Die Energie-Experten sind sich einig. Erdgas kann einen wichtigen Beitrag zur Reduzierung von CO2-Emissionen leisten. Zumindest kurzfristig. Denn der Energieträger hat deutlich bessere Abgaswerte als Kohle und Öl. Langfristig muss jedoch grünes Erdgas, das mit Hilfe der „Power-to-Gas“-Technologie gewonnen wird, seine Rolle übernehmen. Kein leichtes Unterfangen, da die notwendigen Erzeugungskapazitäten noch aufgebaut werden müssen. Vom DVGW wurde kürzlich betont, dass es möglich sei, bis 2050 eine Kapazität von 40 Gigawatt aufzubauen. Das entspricht in etwa der Leistung von 40 großen Kohlekraftwerken und würde rund 40 Milliarden Euro kosten.

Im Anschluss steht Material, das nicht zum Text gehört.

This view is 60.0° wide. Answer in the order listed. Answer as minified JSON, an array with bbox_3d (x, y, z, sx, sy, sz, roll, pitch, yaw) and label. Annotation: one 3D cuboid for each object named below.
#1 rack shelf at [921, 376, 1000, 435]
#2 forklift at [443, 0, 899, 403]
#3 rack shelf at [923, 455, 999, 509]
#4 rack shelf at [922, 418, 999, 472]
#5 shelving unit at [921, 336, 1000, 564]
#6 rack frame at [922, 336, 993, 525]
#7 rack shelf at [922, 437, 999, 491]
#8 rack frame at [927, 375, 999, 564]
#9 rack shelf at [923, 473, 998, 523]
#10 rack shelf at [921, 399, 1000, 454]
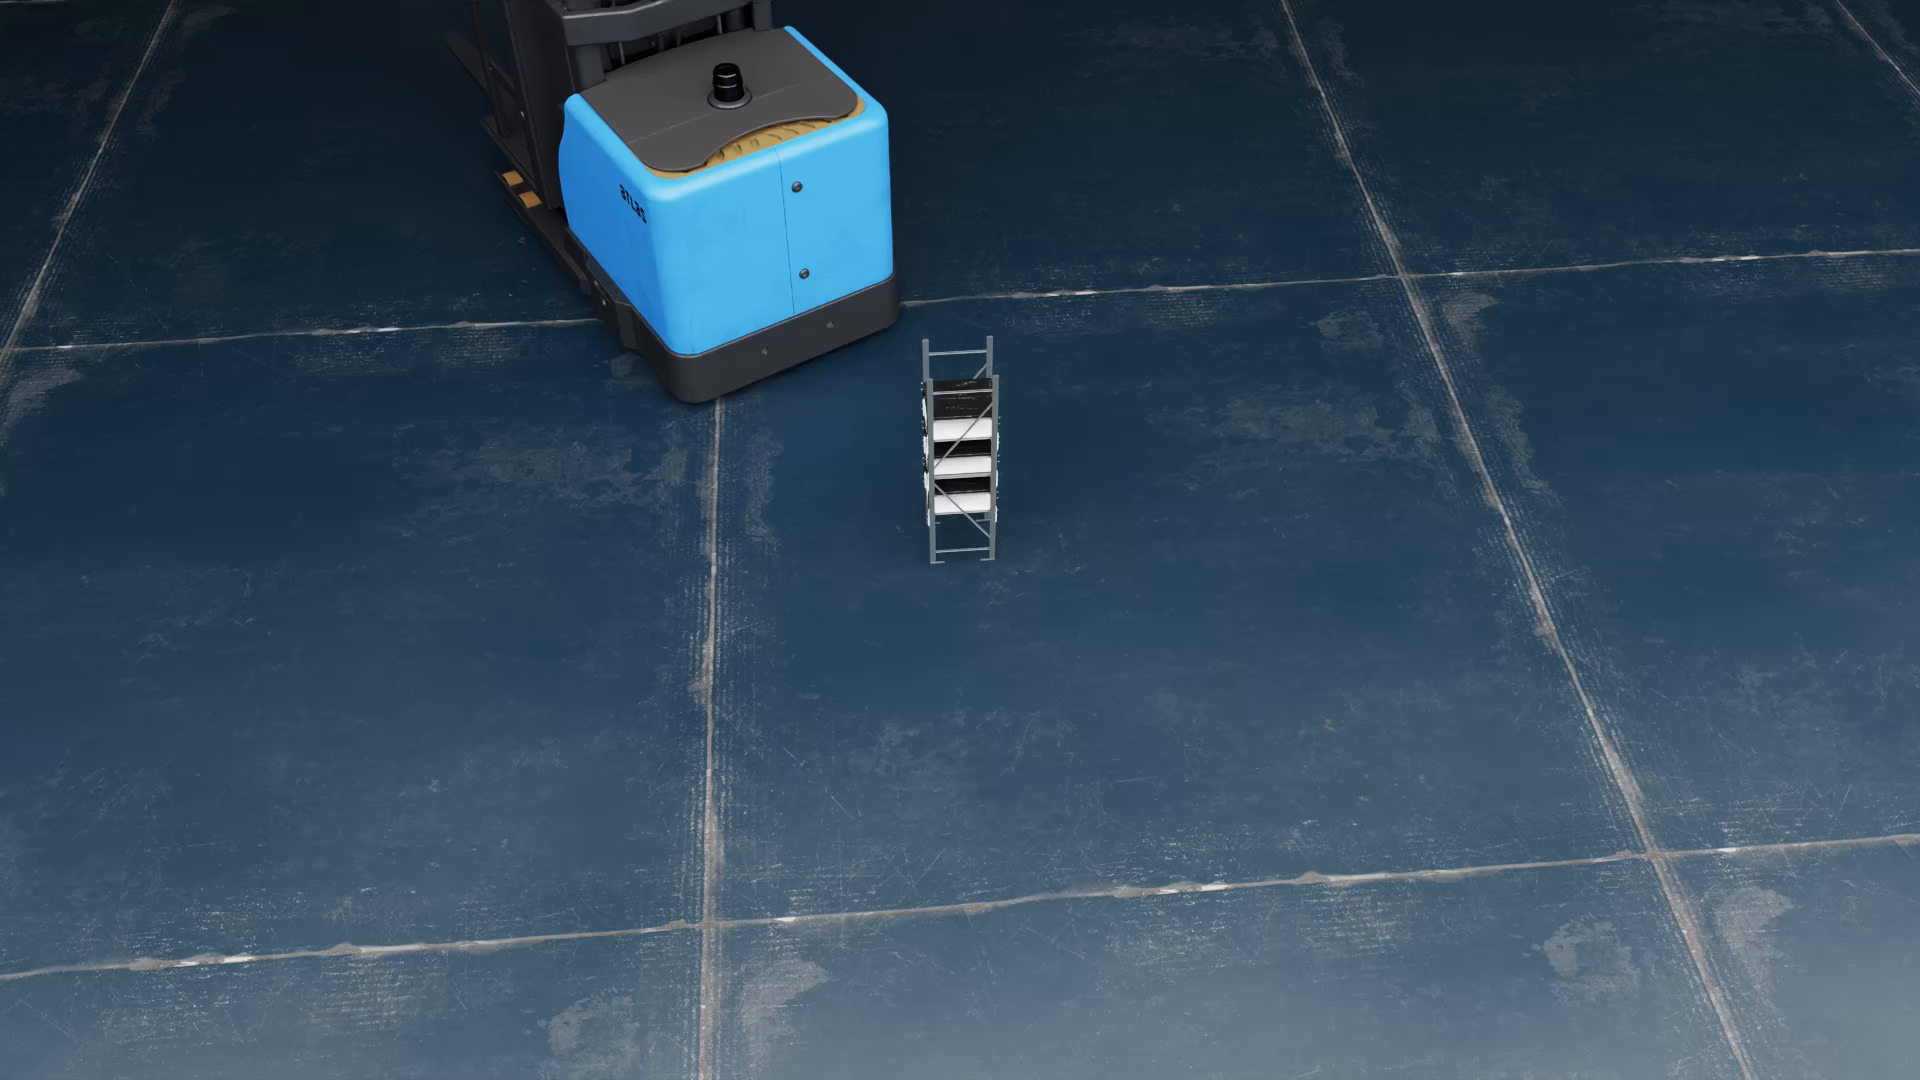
[{"bbox_3d":[0.001,-0.466,5.746,0.258,0.077,0.200,-3,47,-3],"label":"rack shelf"},{"bbox_3d":[-1.486,-2.606,6.699,1.130,2.935,3.031,-25,52,-22],"label":"forklift"},{"bbox_3d":[0.001,-0.219,6.007,0.258,0.077,0.200,-3,47,-3],"label":"rack shelf"},{"bbox_3d":[0.001,-0.343,5.877,0.258,0.077,0.200,-3,47,-3],"label":"rack shelf"},{"bbox_3d":[0.001,-0.304,5.918,0.258,0.900,0.210,-3,47,-3],"label":"shelving unit"},{"bbox_3d":[-0.008,-0.377,5.987,0.240,0.900,0.006,-3,47,-3],"label":"rack frame"},{"bbox_3d":[0.001,-0.281,5.942,0.258,0.077,0.200,-3,47,-3],"label":"rack shelf"},{"bbox_3d":[0.009,-0.230,5.848,0.240,0.900,0.006,-3,47,-3],"label":"rack frame"},{"bbox_3d":[0.001,-0.157,6.073,0.258,0.077,0.200,-3,47,-3],"label":"rack shelf"},{"bbox_3d":[0.001,-0.404,5.811,0.258,0.077,0.200,-3,47,-3],"label":"rack shelf"}]

In diesem Zusammenhang wird derzeit öfters von „blauem Wasserstoff“ gesprochen. Anders als „grüner Wasserstoff“ kann er aus Erdgas gewonnen werden, wobei das freigesetzte CO2 eingefangen und unterirdisch gespeichert wird. CCS – ein Verfahren, das sich in Deutschland gegen den Willen der Bevölkerung bei Kraftwerken nicht durchsetzen ließ. Nach der Produktion – zum Beispiel in Norwegen – kann „blauer Wasserstoff“ entweder bei rund minus 160 Grad verflüssigt im Tankschiff oder als Beimischung in der Erdgaspipeline an seinen Zielort gelangen. Bezüglich des Pipelinetransport wird davon ausgegangen, dass künftig ein Anteil von bis zu 20 Prozent möglich sein könnte.

Blau oder Grün – das ist hier die Frage

Alles in allem ein interessanter Ansatz, der jedoch kontrovers diskutiert wird. Auf der einen Seite ein Beitrag zur CO2-Reduzierung, auf der anderen Seite die Frage nach der sicheren Endlagerung. Was ist „blauer Wasserstoff“ – Problemlöser oder eine Marketing-Mogelpackung? Die Befürworter möchten den „blauen Wasserstoff“ nicht als Konkurrenz, sondern als Ergänzung zu „grünem Wasserstoff“ sehen. Sie gehen davon aus, dass in Zukunft alle verfügbaren Quellen benötigt werden, um einen wachsenden weltweiten Energiebedarf nachhaltig zu decken. Der „blaue Wasserstoff“ ließe sich zudem zu wettbewerbsfähigen Kosten produzieren, heißt es. Derzeit sei seine Herstellung günstiger als die aus erneuerbaren Energien. Gleichzeitig sei eine Infrastruktur verfügbar, wenn bestehende Gasleitungen umgestellt werden.

Die Kritiker führen ins Feld, dass das Abscheiden und Deponieren von CO2 (CCS) recht teuer sei. Es werde auch kaum möglich sein, die komplette Menge an CO2 zu deponieren. Außerdem sei zu bezweifeln, ob die Lagerstätten über Jahrhunderte hinweg dicht bleiben, und zusätzlich entstünden Methanemissionen bei der Förderung und dem Transport von „blauem Wasserstoff“.

Ein Fazit fällt nicht leicht. Fest steht jedoch, dass jeder CO2-freie oder CO2-arme Energieträger kurzfristig einen wichtigen Beitrag zum Gelingen der Energiewende leisten kann. Ob er sich im Markt durchsetzt, ist eine andere Frage. Zentrale Punkte sind Verfügbarkeit, Wirtschaftlichkeit und vor allem die Akzeptanz bei den Kunden. Insofern sehen wir „blauen Wasserstoff“ nicht als Marketing-Gag, sondern als zusätzliches Angebot – zumindest bis „grüner Wasserstoff“ im großen Maßstab verfügbar ist.